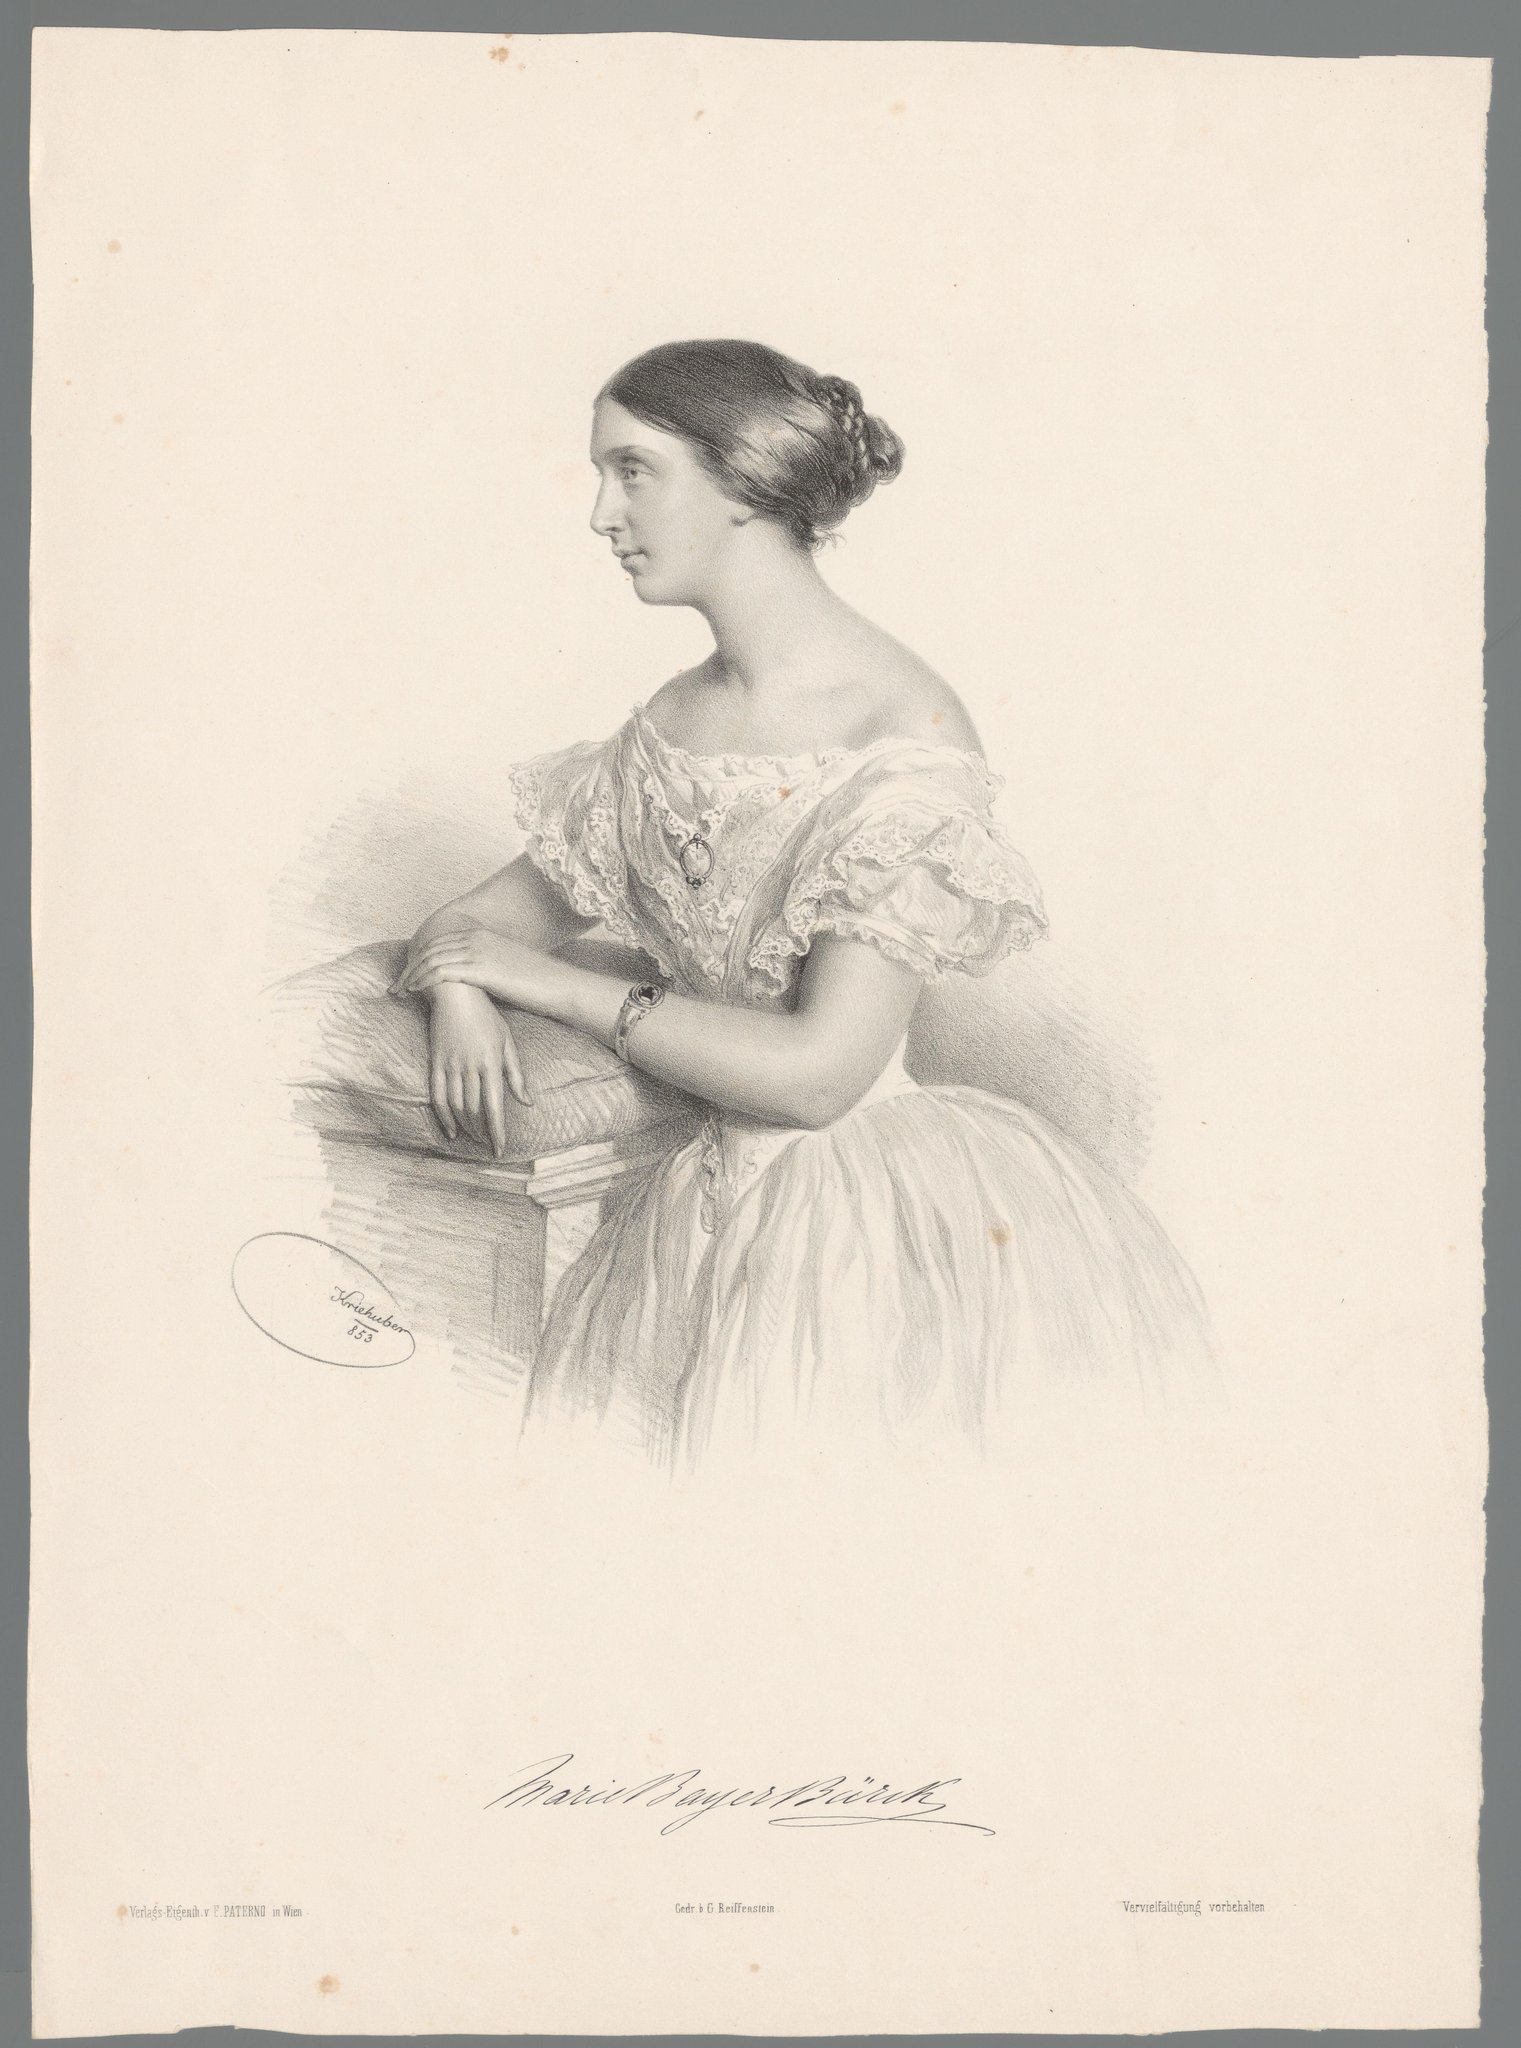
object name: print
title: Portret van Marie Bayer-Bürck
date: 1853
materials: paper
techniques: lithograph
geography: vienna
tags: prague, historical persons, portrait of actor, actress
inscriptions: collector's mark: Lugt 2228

Assigned task: Should the entries hold any pictures, please omit those and print the remaining text exactly.

Response for this exercise:
object name: print
title: Portret van Marie Bayer-Bürck
date: 1853
materials: paper
techniques: lithograph
geography: vienna
tags: prague, historical persons, portrait of actor, actress
inscriptions: collector's mark: Lugt 2228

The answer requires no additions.